━━━━━ Records for the exercise ━━━━━
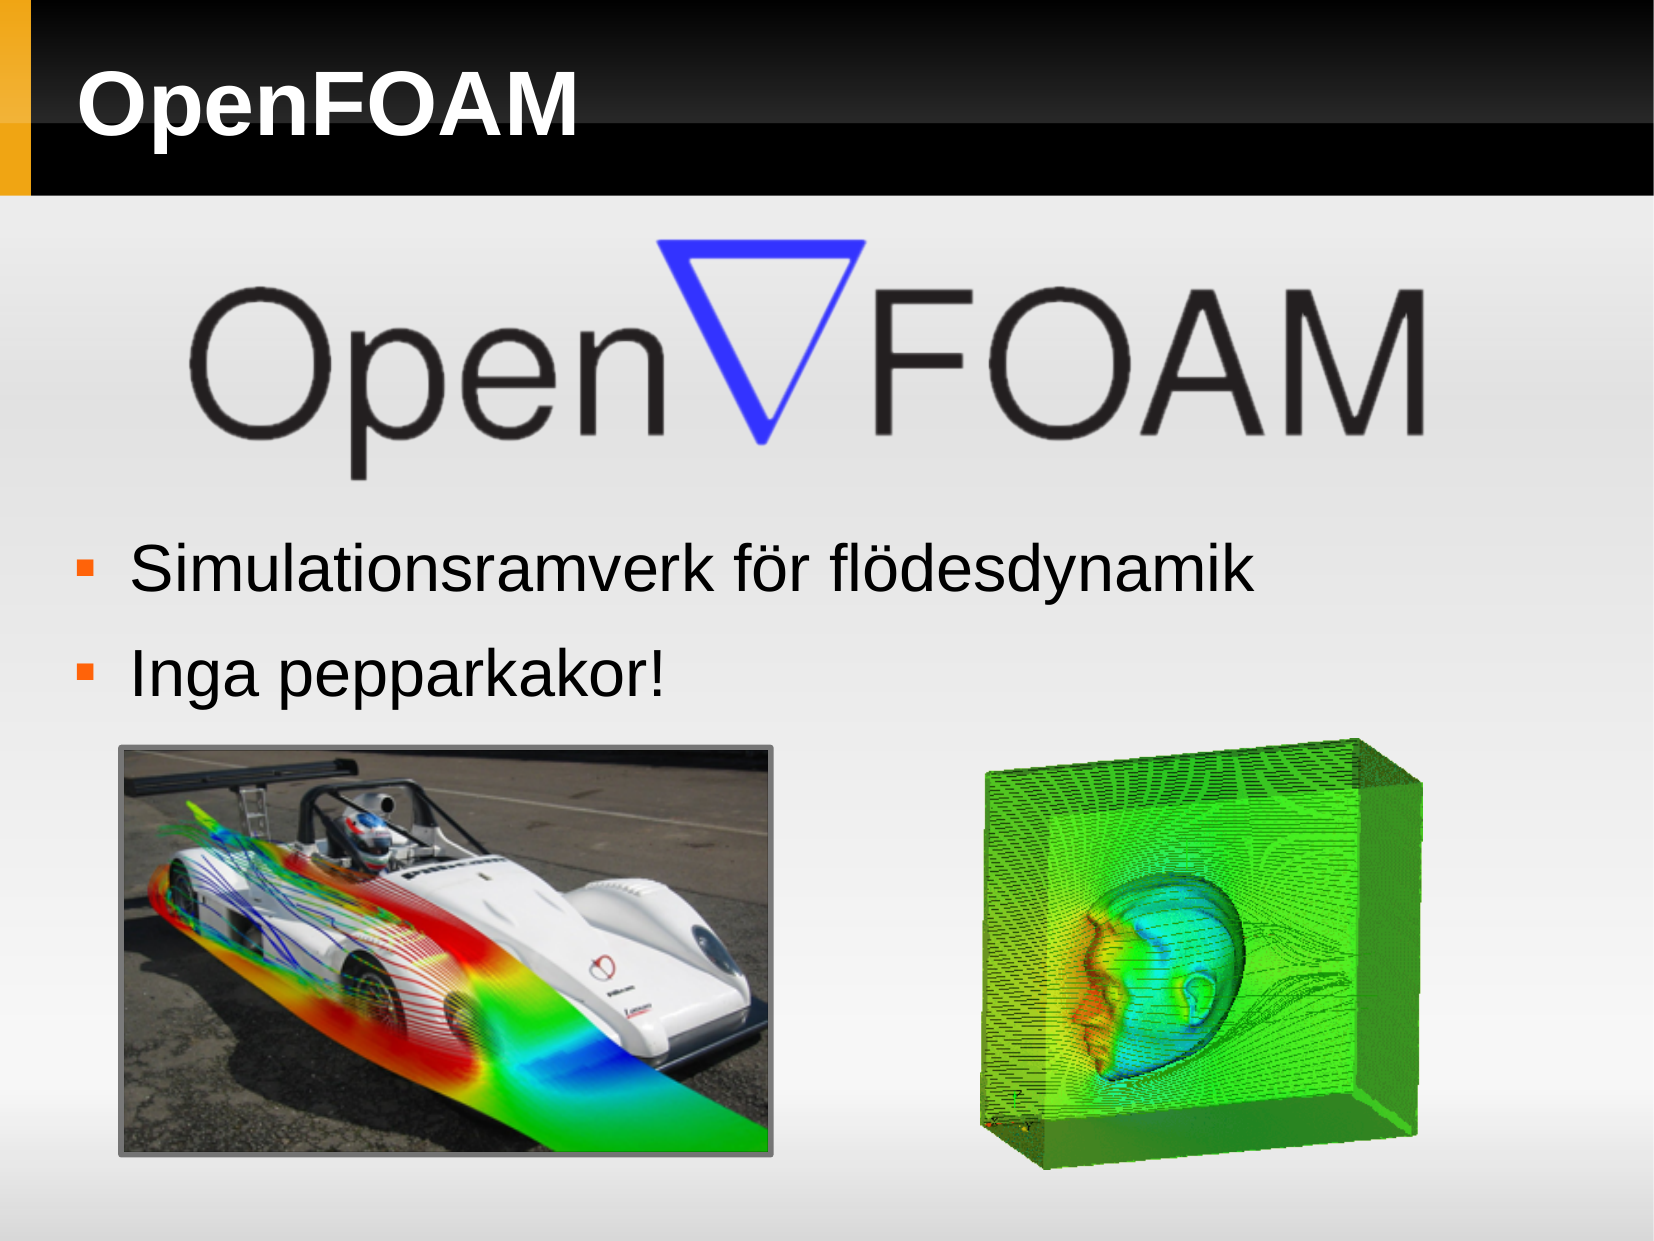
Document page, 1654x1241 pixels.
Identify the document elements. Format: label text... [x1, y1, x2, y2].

list Simulationsramverk för flödesdynamik Inga pepparkakor! [59, 531, 1506, 922]
title OpenFOAM [76, 0, 1565, 208]
picture [0, 0, 1654, 1241]
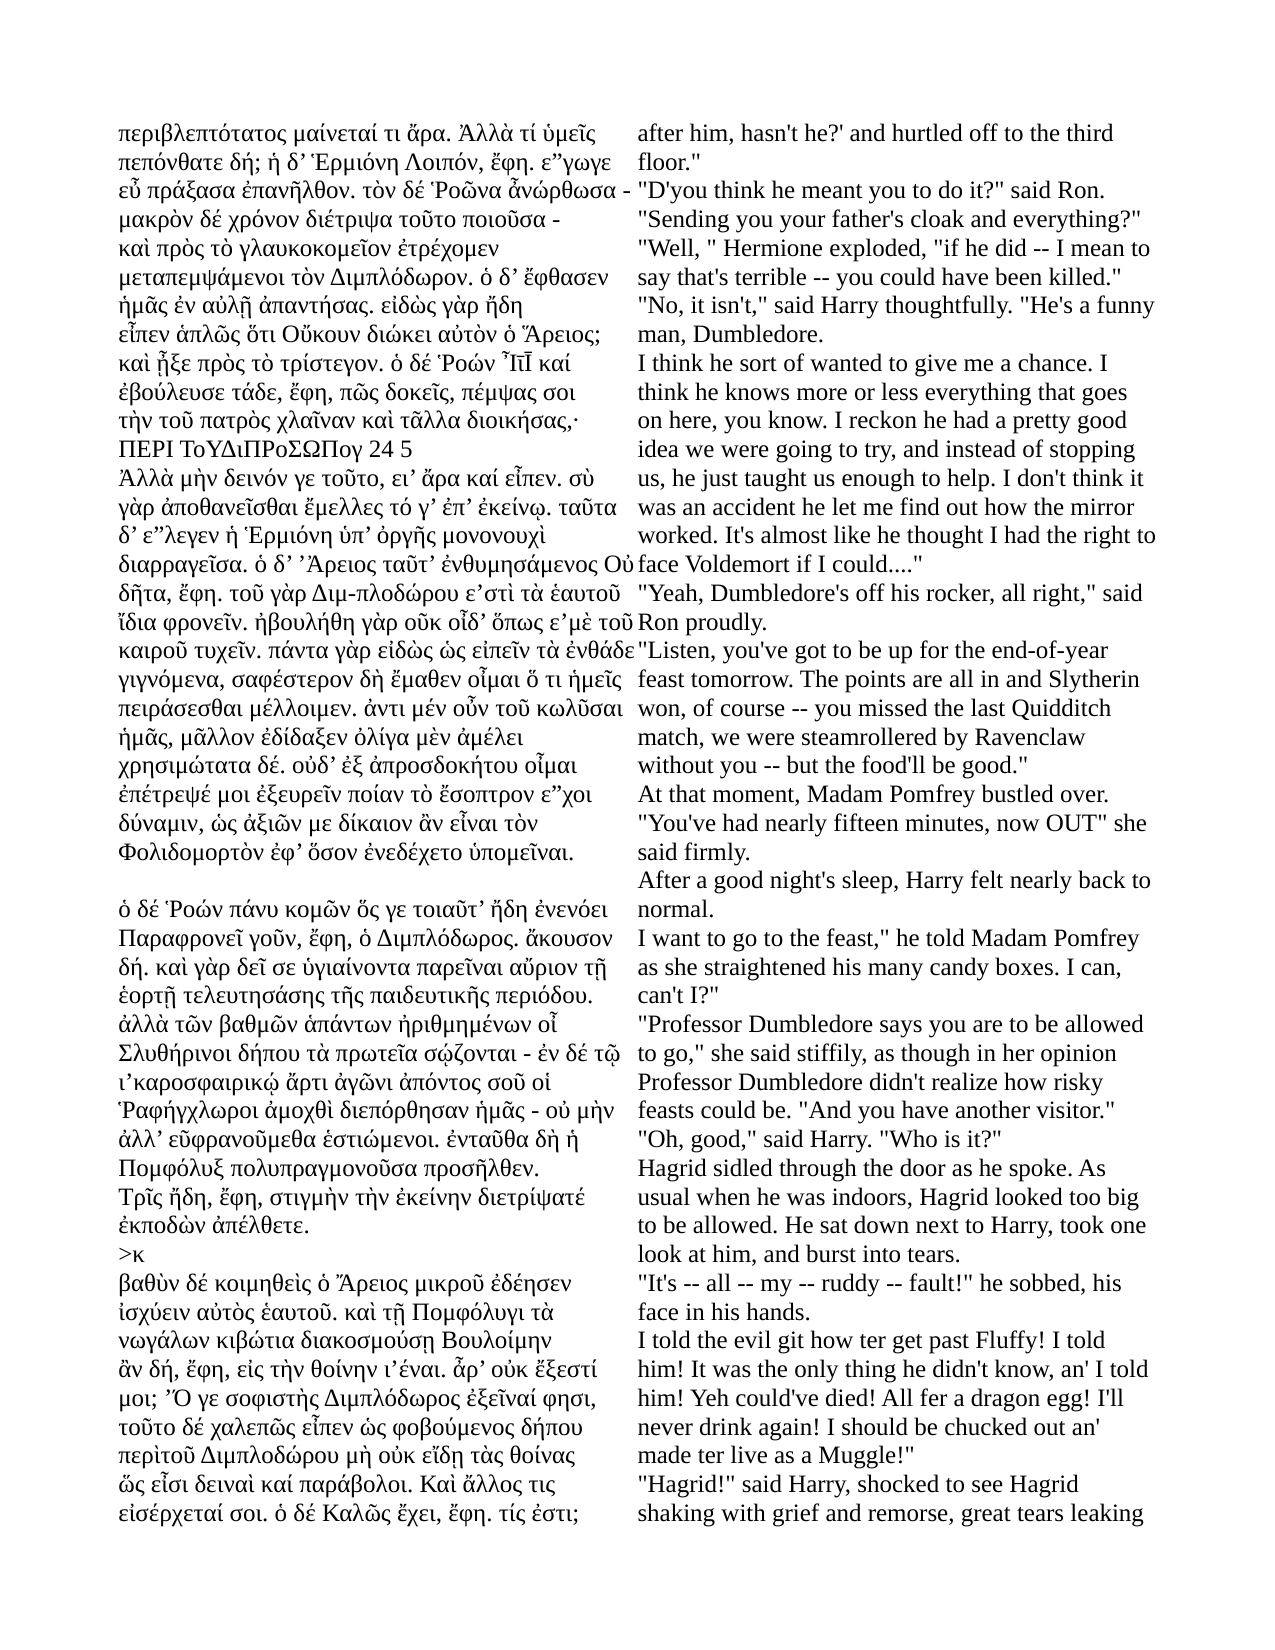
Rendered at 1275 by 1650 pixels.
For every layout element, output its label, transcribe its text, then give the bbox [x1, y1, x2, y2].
━━━━━
● Task:
Lines that include the word "pixels" are to be extracted from the data above.

● Solution to the problem:
Document page, 1654x1241 pixels.
Rendered at 1275 by 1650 pixels.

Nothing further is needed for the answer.